- _Working data_
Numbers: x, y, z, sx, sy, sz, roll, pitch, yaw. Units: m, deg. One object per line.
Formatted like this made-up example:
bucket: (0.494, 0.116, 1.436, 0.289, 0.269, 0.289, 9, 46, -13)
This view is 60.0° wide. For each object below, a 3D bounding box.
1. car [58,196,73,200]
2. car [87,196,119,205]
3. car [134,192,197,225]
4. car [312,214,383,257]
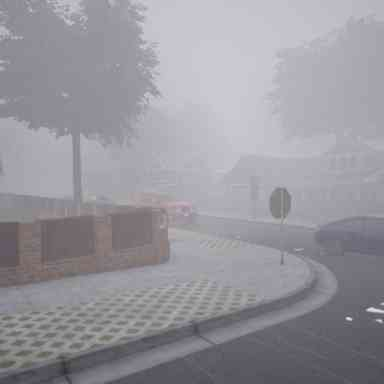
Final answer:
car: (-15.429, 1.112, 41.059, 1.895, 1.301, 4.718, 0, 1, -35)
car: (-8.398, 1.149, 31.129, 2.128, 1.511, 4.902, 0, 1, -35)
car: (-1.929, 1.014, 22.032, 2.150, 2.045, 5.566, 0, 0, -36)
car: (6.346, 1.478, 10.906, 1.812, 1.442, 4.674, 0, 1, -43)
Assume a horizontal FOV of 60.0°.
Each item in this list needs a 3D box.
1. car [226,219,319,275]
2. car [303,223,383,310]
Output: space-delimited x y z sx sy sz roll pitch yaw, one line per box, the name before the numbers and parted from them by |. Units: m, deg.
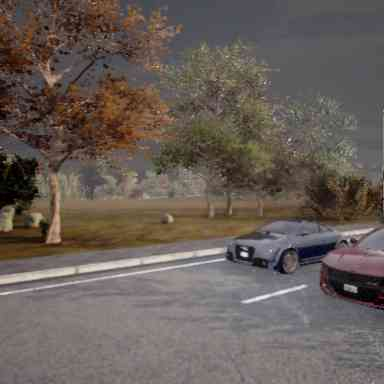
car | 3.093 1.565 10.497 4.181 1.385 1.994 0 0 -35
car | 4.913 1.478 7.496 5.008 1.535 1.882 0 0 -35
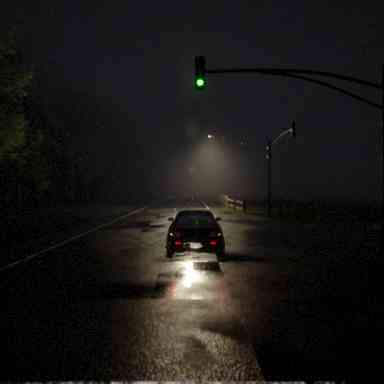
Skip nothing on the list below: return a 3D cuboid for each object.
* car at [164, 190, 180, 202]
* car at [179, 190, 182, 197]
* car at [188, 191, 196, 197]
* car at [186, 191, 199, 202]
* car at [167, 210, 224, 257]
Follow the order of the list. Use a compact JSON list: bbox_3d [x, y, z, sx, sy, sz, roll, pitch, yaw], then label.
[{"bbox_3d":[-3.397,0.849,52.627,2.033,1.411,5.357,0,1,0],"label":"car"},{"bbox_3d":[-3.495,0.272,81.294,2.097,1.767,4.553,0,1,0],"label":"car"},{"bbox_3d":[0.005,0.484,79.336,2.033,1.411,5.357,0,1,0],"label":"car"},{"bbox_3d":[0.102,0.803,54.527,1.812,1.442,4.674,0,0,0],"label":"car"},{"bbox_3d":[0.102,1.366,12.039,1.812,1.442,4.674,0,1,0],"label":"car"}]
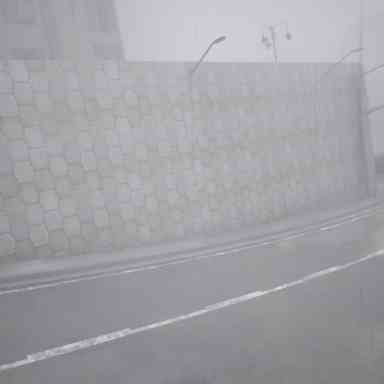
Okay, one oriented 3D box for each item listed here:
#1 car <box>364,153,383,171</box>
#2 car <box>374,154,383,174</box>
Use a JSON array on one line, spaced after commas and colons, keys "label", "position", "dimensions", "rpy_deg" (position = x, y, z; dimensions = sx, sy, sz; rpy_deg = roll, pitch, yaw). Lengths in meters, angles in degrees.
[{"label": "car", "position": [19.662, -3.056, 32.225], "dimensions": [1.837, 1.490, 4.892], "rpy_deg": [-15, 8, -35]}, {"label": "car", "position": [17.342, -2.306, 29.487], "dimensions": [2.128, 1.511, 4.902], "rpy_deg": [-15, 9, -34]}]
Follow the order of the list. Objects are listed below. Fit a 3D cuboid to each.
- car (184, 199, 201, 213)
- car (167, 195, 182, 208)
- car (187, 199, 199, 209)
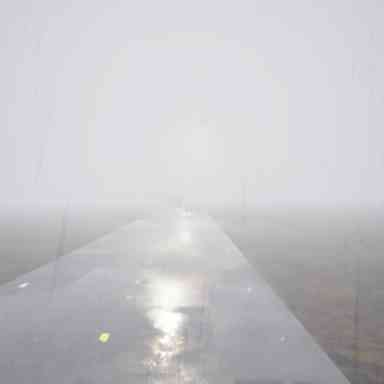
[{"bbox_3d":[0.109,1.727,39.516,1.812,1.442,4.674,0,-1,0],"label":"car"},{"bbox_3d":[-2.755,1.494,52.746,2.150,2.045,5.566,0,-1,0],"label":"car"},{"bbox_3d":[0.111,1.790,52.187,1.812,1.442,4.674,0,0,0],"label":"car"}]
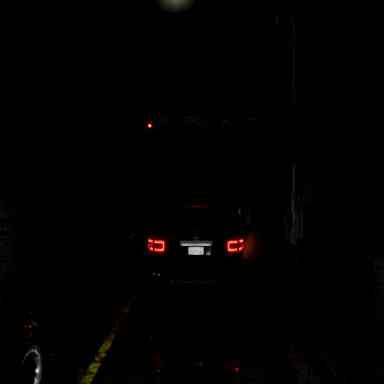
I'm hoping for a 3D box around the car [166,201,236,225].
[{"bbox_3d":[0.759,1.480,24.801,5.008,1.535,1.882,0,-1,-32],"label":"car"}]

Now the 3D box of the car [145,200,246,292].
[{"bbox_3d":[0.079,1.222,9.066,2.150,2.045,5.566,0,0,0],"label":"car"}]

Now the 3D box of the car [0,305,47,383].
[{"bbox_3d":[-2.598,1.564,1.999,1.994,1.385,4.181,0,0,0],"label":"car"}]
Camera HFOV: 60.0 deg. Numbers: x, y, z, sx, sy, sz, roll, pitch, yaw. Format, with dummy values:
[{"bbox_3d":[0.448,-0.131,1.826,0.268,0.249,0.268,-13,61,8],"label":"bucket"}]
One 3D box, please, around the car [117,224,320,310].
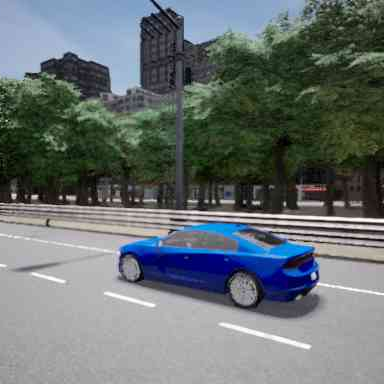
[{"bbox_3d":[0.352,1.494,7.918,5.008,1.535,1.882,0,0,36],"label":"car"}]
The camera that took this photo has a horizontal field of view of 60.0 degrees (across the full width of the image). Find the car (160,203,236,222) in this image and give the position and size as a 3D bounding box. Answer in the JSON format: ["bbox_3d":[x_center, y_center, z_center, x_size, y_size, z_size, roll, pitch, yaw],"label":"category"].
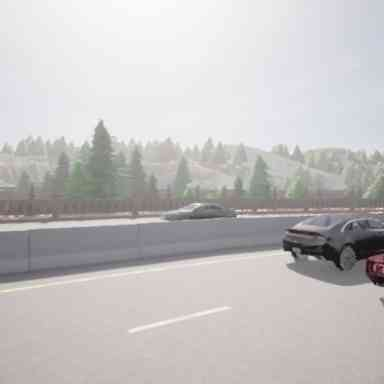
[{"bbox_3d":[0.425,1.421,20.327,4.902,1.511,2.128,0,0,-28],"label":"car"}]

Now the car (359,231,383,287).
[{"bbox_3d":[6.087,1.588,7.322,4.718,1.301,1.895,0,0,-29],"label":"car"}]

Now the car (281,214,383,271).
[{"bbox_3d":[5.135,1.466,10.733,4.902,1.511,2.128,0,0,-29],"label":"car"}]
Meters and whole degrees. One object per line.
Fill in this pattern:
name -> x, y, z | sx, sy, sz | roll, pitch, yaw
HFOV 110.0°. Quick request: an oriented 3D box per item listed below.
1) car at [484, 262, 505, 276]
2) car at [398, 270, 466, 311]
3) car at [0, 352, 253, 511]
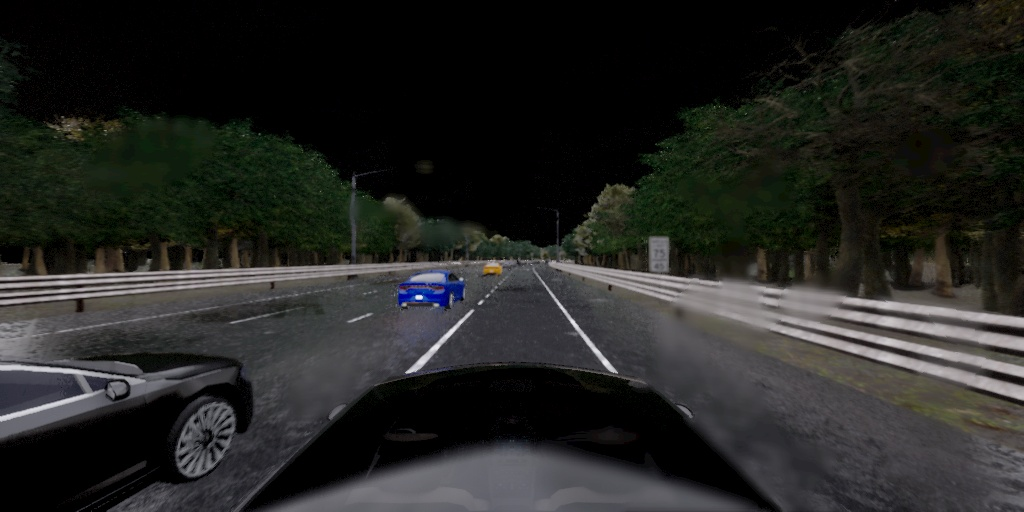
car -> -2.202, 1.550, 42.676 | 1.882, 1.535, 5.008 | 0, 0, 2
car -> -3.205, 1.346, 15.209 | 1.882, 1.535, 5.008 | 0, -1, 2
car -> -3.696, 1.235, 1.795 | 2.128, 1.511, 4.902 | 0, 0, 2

- _Task to complete_
Take from the listing above each line that contains the string "oriented".

- _Written reply_
Okay, one oriented 3D box for each item listed here:
HFOV 110.0°. Quick request: an oriented 3D box per item listed below.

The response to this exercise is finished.